Catlin peppers his text with lines from Percy Shelley and Byron’s work. Shakespeare and other poets also get their due. The thrilling part is these references never come off as flashy or self-conscious but as a way the educated might speak to, and compliment, each other by using their own words both aptly and ironically.
Timing is critical, and Catlin is a master of creating effects that are honest and affecting. The various elements of theatrical production mesh gorgeously and conspire to achieve a marvelous spectacle that is also intellectually deep and emotionally involving.
Daniel Ostling’s set, a construction of simple planks, doors, and traps when viewed without some evocative and time-establishing props upon it, takes you a myriad of locations and atmospheres, from Alpine climes to Georgian England and the North Pole.
William C. Kirkham’s flawless, collaborative lighting sets moods, allows for shadows, establishes locale, and adds to Catlin’s knack of knowing when that bare, grisly arm should emerge from the ground, when a child should be caught skipping across a meadow, or the Creature should emerge from an unexpected place.
Sully Ratke’s costume design and Rick Sims’ sound design and attendant score are equally felicitous.

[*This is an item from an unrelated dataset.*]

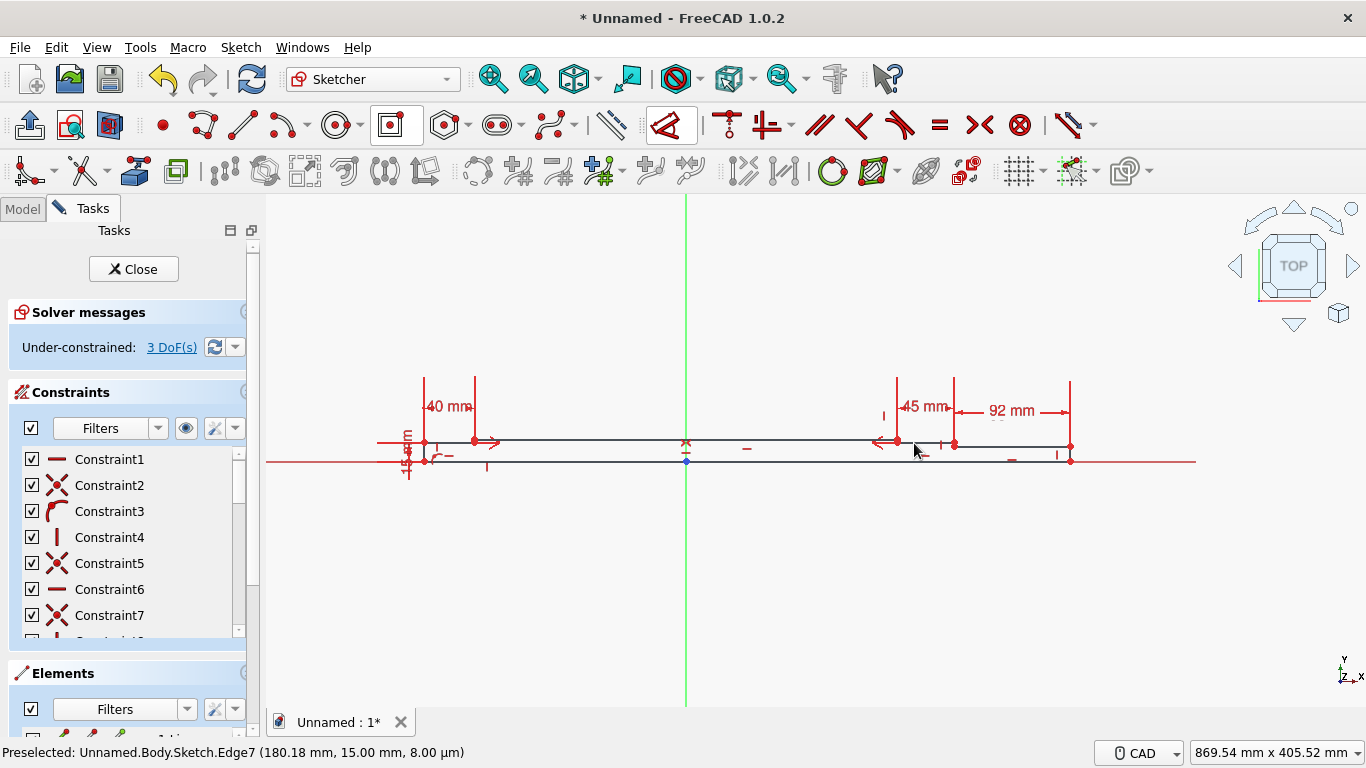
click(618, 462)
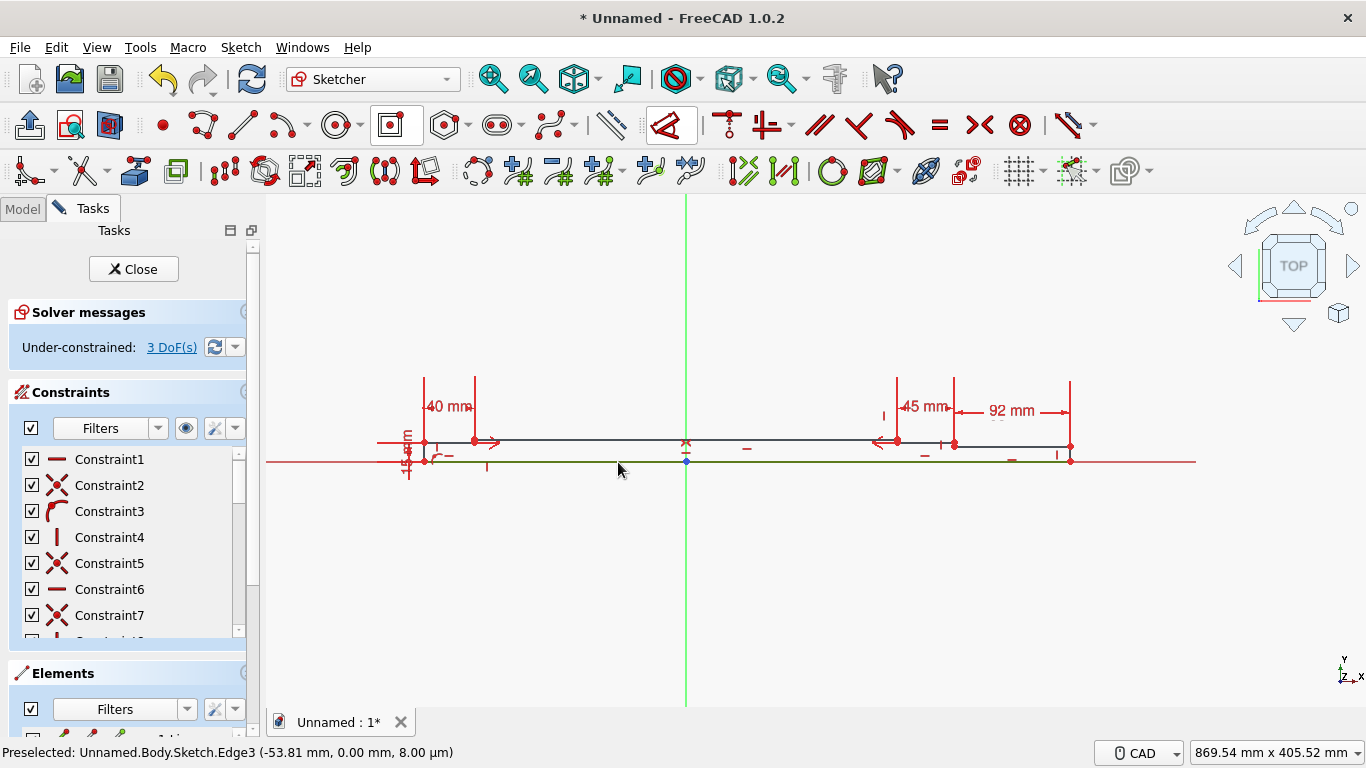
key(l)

This “Mary Shelley’s Frankenstein” is about as complete an example of theater art as you will find anywhere and impresses by sticking to theatrical and storytelling basics while soaring to heights of intellect and shrewd artistic composition.
The brilliance includes the acting. The cast purrs in classical tones that are musical and mirror the vaulted feel of Catlin’s production while seeming natural and establishing their several characters.
Each actor plays at least two parts, most from Shelley’s story, but also from the occasion in which Shelley composes her tale, that night in Switzerland when young literary lights compete to terrify each other. Their parts are listed as being Mary Shelley, Percy Shelley, Lord Byron, Dr. John Polidori, and Claire Clairmont, Mary’s stepsister who is pregnant with Byron’s child, but they are most splendid and effective in their “Frankenstein” roles.
Cordelia Dewdney is heartbreaking, conveying sincerity and longing as Elizabeth Lavenza, who has sisterly and romantic affection for Victor Frankenstein. Dewdney both charms and elicits sympathy as a loved one as neglected by Victor as his Creature is. As Mary Shelley, she is a match for Percy (Walter Briggs) and Byron (Keith D. Gallagher), who don’t believe a woman and an unrecognized writer can vie with them regarding creativity and ability to chill. Dewdney is also supple and telling in scenes that involve circus skills.
Briggs provides an expansive, heroic performance that captures Victor Frankenstein’s torment, confusion, and tragedy. Watching him and Dewdney build and present their characters is as exciting as any part of Catlin’s production.
So is Gallagher’s work as a Creature that evokes pity and terror as he negotiates his way through the world and deftly delivers lofty, plaintive speeches. He is also quite playful as Lord Byron.
Amanda Raquel Martinez enlivens her roles and exhibits gorgeous musical tones as she plays Frankenstein’s doomed mother heading to her grave. Debo Balogun is wittily offhand as Polidori and the perfect companion to Frankenstein as both a lifelong friend and the sea captain who rescues him.
Though depicting the real-life literary figures creates a firm framework for Catlin’s script, their appearance between scenes from Mary’s story sometimes jars as an interruption, even as those sequences establish Mary as a woman who is asserting and creating herself, separate from a relationship and artistic subordination to Percy.
Catlin’s achievement is great and perhaps most gratifying in its smart and sure handed use of theater. “Mary Shelley’s Frankenstein” is a tribute to taste and sensibility — one that uses theatrical crafts wisely.
Mary Shelley’s Frankenstein, McCarter Theatre, 91 University Place, Princeton. Through Sunday, November 3. $25 to $110. 609-258-2787 or www.mccarter.org.